What is required |
Reproduce, from the lines below, exactly the stretch that begins at the line containing "Offer a very short reply. 2.03e+08." and ends at the line containing "Your answer should be compact. 0.78.", both included.
*** Begin section ***
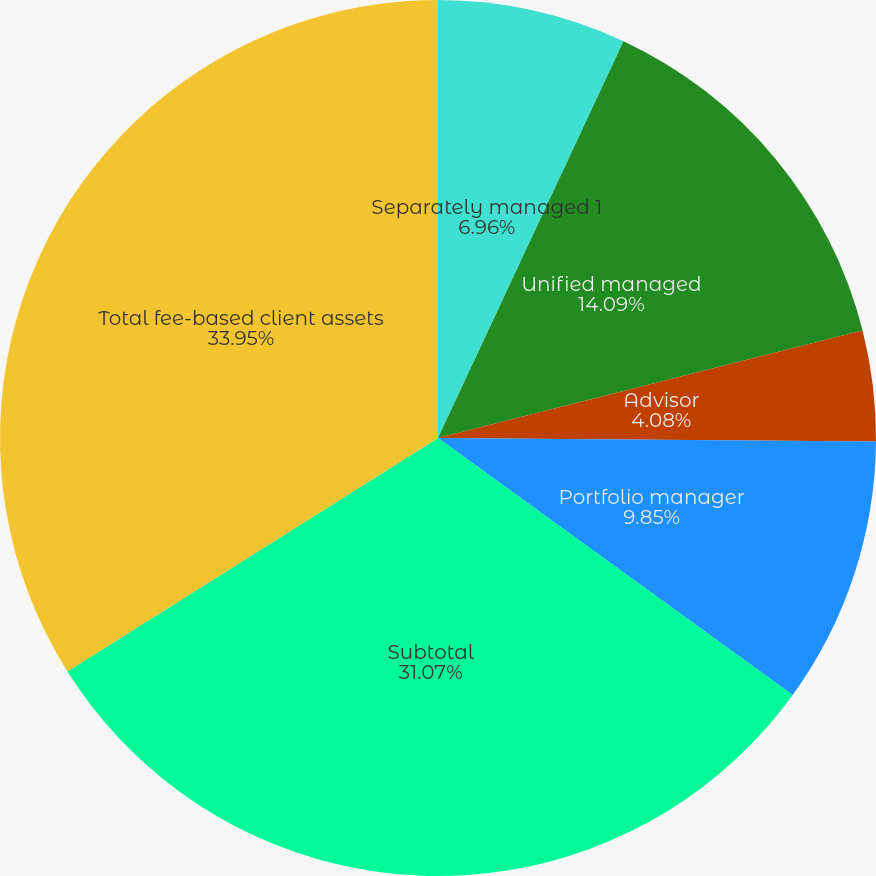Convert chart to OTSL. <chart><loc_0><loc_0><loc_500><loc_500><pie_chart><fcel>Separately managed 1<fcel>Unified managed<fcel>Advisor<fcel>Portfolio manager<fcel>Subtotal<fcel>Total fee-based client assets<nl><fcel>6.96%<fcel>14.09%<fcel>4.08%<fcel>9.85%<fcel>31.07%<fcel>33.95%<nl></chart> 
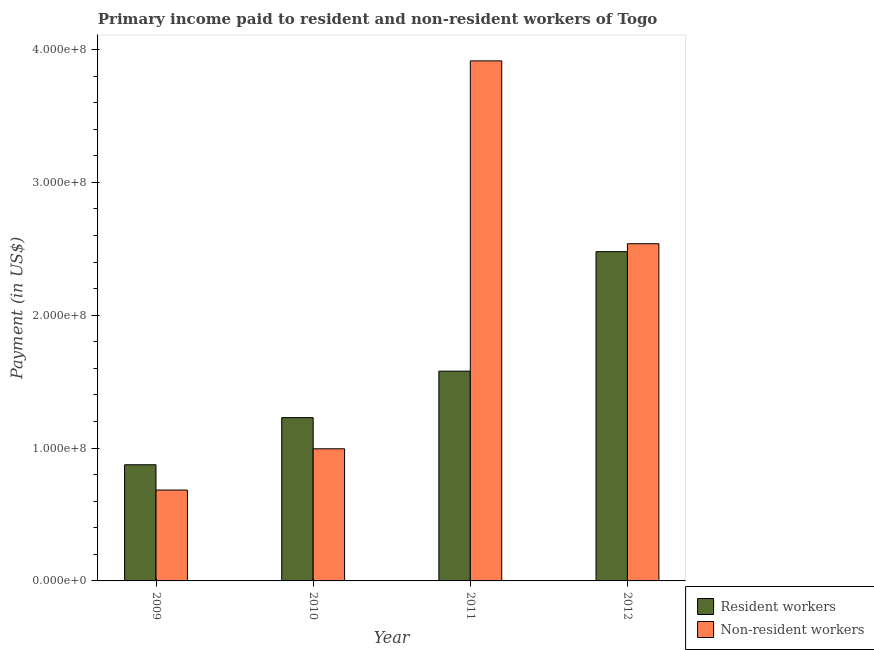How many different coloured bars are there?
Keep it short and to the point. 2. What is the label of the 1st group of bars from the left?
Your answer should be compact. 2009. What is the payment made to resident workers in 2011?
Your response must be concise. 1.58e+08. Across all years, what is the maximum payment made to resident workers?
Your answer should be very brief. 2.48e+08. Across all years, what is the minimum payment made to resident workers?
Keep it short and to the point. 8.74e+07. In which year was the payment made to non-resident workers maximum?
Your answer should be compact. 2011. In which year was the payment made to non-resident workers minimum?
Offer a very short reply. 2009. What is the total payment made to resident workers in the graph?
Offer a very short reply. 6.16e+08. What is the difference between the payment made to resident workers in 2009 and that in 2012?
Offer a terse response. -1.60e+08. What is the difference between the payment made to non-resident workers in 2010 and the payment made to resident workers in 2009?
Your answer should be compact. 3.11e+07. What is the average payment made to resident workers per year?
Ensure brevity in your answer.  1.54e+08. What is the ratio of the payment made to resident workers in 2009 to that in 2010?
Make the answer very short. 0.71. What is the difference between the highest and the second highest payment made to resident workers?
Offer a terse response. 8.99e+07. What is the difference between the highest and the lowest payment made to non-resident workers?
Give a very brief answer. 3.23e+08. In how many years, is the payment made to non-resident workers greater than the average payment made to non-resident workers taken over all years?
Offer a terse response. 2. Is the sum of the payment made to non-resident workers in 2011 and 2012 greater than the maximum payment made to resident workers across all years?
Ensure brevity in your answer.  Yes. What does the 1st bar from the left in 2009 represents?
Ensure brevity in your answer.  Resident workers. What does the 2nd bar from the right in 2009 represents?
Give a very brief answer. Resident workers. How many years are there in the graph?
Offer a very short reply. 4. Are the values on the major ticks of Y-axis written in scientific E-notation?
Provide a succinct answer. Yes. How many legend labels are there?
Give a very brief answer. 2. How are the legend labels stacked?
Offer a very short reply. Vertical. What is the title of the graph?
Keep it short and to the point. Primary income paid to resident and non-resident workers of Togo. Does "Female population" appear as one of the legend labels in the graph?
Provide a succinct answer. No. What is the label or title of the X-axis?
Keep it short and to the point. Year. What is the label or title of the Y-axis?
Offer a very short reply. Payment (in US$). What is the Payment (in US$) in Resident workers in 2009?
Keep it short and to the point. 8.74e+07. What is the Payment (in US$) of Non-resident workers in 2009?
Offer a very short reply. 6.84e+07. What is the Payment (in US$) of Resident workers in 2010?
Provide a short and direct response. 1.23e+08. What is the Payment (in US$) in Non-resident workers in 2010?
Offer a terse response. 9.95e+07. What is the Payment (in US$) in Resident workers in 2011?
Your response must be concise. 1.58e+08. What is the Payment (in US$) in Non-resident workers in 2011?
Your answer should be very brief. 3.91e+08. What is the Payment (in US$) in Resident workers in 2012?
Ensure brevity in your answer.  2.48e+08. What is the Payment (in US$) in Non-resident workers in 2012?
Your answer should be compact. 2.54e+08. Across all years, what is the maximum Payment (in US$) in Resident workers?
Offer a terse response. 2.48e+08. Across all years, what is the maximum Payment (in US$) of Non-resident workers?
Make the answer very short. 3.91e+08. Across all years, what is the minimum Payment (in US$) in Resident workers?
Ensure brevity in your answer.  8.74e+07. Across all years, what is the minimum Payment (in US$) of Non-resident workers?
Provide a short and direct response. 6.84e+07. What is the total Payment (in US$) of Resident workers in the graph?
Give a very brief answer. 6.16e+08. What is the total Payment (in US$) of Non-resident workers in the graph?
Give a very brief answer. 8.13e+08. What is the difference between the Payment (in US$) in Resident workers in 2009 and that in 2010?
Give a very brief answer. -3.55e+07. What is the difference between the Payment (in US$) in Non-resident workers in 2009 and that in 2010?
Keep it short and to the point. -3.11e+07. What is the difference between the Payment (in US$) of Resident workers in 2009 and that in 2011?
Give a very brief answer. -7.05e+07. What is the difference between the Payment (in US$) of Non-resident workers in 2009 and that in 2011?
Ensure brevity in your answer.  -3.23e+08. What is the difference between the Payment (in US$) in Resident workers in 2009 and that in 2012?
Keep it short and to the point. -1.60e+08. What is the difference between the Payment (in US$) in Non-resident workers in 2009 and that in 2012?
Ensure brevity in your answer.  -1.85e+08. What is the difference between the Payment (in US$) of Resident workers in 2010 and that in 2011?
Make the answer very short. -3.50e+07. What is the difference between the Payment (in US$) in Non-resident workers in 2010 and that in 2011?
Give a very brief answer. -2.92e+08. What is the difference between the Payment (in US$) of Resident workers in 2010 and that in 2012?
Your answer should be very brief. -1.25e+08. What is the difference between the Payment (in US$) of Non-resident workers in 2010 and that in 2012?
Make the answer very short. -1.54e+08. What is the difference between the Payment (in US$) of Resident workers in 2011 and that in 2012?
Your answer should be very brief. -8.99e+07. What is the difference between the Payment (in US$) in Non-resident workers in 2011 and that in 2012?
Your answer should be very brief. 1.38e+08. What is the difference between the Payment (in US$) of Resident workers in 2009 and the Payment (in US$) of Non-resident workers in 2010?
Offer a terse response. -1.20e+07. What is the difference between the Payment (in US$) of Resident workers in 2009 and the Payment (in US$) of Non-resident workers in 2011?
Provide a succinct answer. -3.04e+08. What is the difference between the Payment (in US$) of Resident workers in 2009 and the Payment (in US$) of Non-resident workers in 2012?
Your answer should be very brief. -1.66e+08. What is the difference between the Payment (in US$) of Resident workers in 2010 and the Payment (in US$) of Non-resident workers in 2011?
Your response must be concise. -2.69e+08. What is the difference between the Payment (in US$) of Resident workers in 2010 and the Payment (in US$) of Non-resident workers in 2012?
Offer a very short reply. -1.31e+08. What is the difference between the Payment (in US$) in Resident workers in 2011 and the Payment (in US$) in Non-resident workers in 2012?
Provide a succinct answer. -9.59e+07. What is the average Payment (in US$) of Resident workers per year?
Give a very brief answer. 1.54e+08. What is the average Payment (in US$) of Non-resident workers per year?
Offer a very short reply. 2.03e+08. In the year 2009, what is the difference between the Payment (in US$) in Resident workers and Payment (in US$) in Non-resident workers?
Your answer should be very brief. 1.90e+07. In the year 2010, what is the difference between the Payment (in US$) in Resident workers and Payment (in US$) in Non-resident workers?
Ensure brevity in your answer.  2.35e+07. In the year 2011, what is the difference between the Payment (in US$) in Resident workers and Payment (in US$) in Non-resident workers?
Your answer should be very brief. -2.34e+08. In the year 2012, what is the difference between the Payment (in US$) in Resident workers and Payment (in US$) in Non-resident workers?
Your answer should be compact. -5.98e+06. What is the ratio of the Payment (in US$) of Resident workers in 2009 to that in 2010?
Give a very brief answer. 0.71. What is the ratio of the Payment (in US$) in Non-resident workers in 2009 to that in 2010?
Ensure brevity in your answer.  0.69. What is the ratio of the Payment (in US$) of Resident workers in 2009 to that in 2011?
Make the answer very short. 0.55. What is the ratio of the Payment (in US$) in Non-resident workers in 2009 to that in 2011?
Offer a very short reply. 0.17. What is the ratio of the Payment (in US$) of Resident workers in 2009 to that in 2012?
Keep it short and to the point. 0.35. What is the ratio of the Payment (in US$) in Non-resident workers in 2009 to that in 2012?
Your response must be concise. 0.27. What is the ratio of the Payment (in US$) in Resident workers in 2010 to that in 2011?
Your answer should be compact. 0.78. What is the ratio of the Payment (in US$) of Non-resident workers in 2010 to that in 2011?
Offer a terse response. 0.25. What is the ratio of the Payment (in US$) of Resident workers in 2010 to that in 2012?
Offer a terse response. 0.5. What is the ratio of the Payment (in US$) of Non-resident workers in 2010 to that in 2012?
Offer a terse response. 0.39. What is the ratio of the Payment (in US$) in Resident workers in 2011 to that in 2012?
Your answer should be very brief. 0.64. What is the ratio of the Payment (in US$) of Non-resident workers in 2011 to that in 2012?
Offer a terse response. 1.54. What is the difference between the highest and the second highest Payment (in US$) of Resident workers?
Offer a terse response. 8.99e+07. What is the difference between the highest and the second highest Payment (in US$) of Non-resident workers?
Ensure brevity in your answer.  1.38e+08. What is the difference between the highest and the lowest Payment (in US$) of Resident workers?
Your answer should be very brief. 1.60e+08. What is the difference between the highest and the lowest Payment (in US$) of Non-resident workers?
Provide a succinct answer. 3.23e+08.
*** End section ***
Output of the exercise |
Offer a very short reply. 2.03e+08. In the year 2009, what is the difference between the Payment (in US$) in Resident workers and Payment (in US$) in Non-resident workers?
Your answer should be very brief. 1.90e+07. In the year 2010, what is the difference between the Payment (in US$) in Resident workers and Payment (in US$) in Non-resident workers?
Ensure brevity in your answer.  2.35e+07. In the year 2011, what is the difference between the Payment (in US$) in Resident workers and Payment (in US$) in Non-resident workers?
Your answer should be very brief. -2.34e+08. In the year 2012, what is the difference between the Payment (in US$) in Resident workers and Payment (in US$) in Non-resident workers?
Your answer should be compact. -5.98e+06. What is the ratio of the Payment (in US$) of Resident workers in 2009 to that in 2010?
Give a very brief answer. 0.71. What is the ratio of the Payment (in US$) in Non-resident workers in 2009 to that in 2010?
Ensure brevity in your answer.  0.69. What is the ratio of the Payment (in US$) of Resident workers in 2009 to that in 2011?
Make the answer very short. 0.55. What is the ratio of the Payment (in US$) in Non-resident workers in 2009 to that in 2011?
Offer a very short reply. 0.17. What is the ratio of the Payment (in US$) of Resident workers in 2009 to that in 2012?
Keep it short and to the point. 0.35. What is the ratio of the Payment (in US$) in Non-resident workers in 2009 to that in 2012?
Your response must be concise. 0.27. What is the ratio of the Payment (in US$) in Resident workers in 2010 to that in 2011?
Your answer should be compact. 0.78. What is the ratio of the Payment (in US$) of Non-resident workers in 2010 to that in 2011?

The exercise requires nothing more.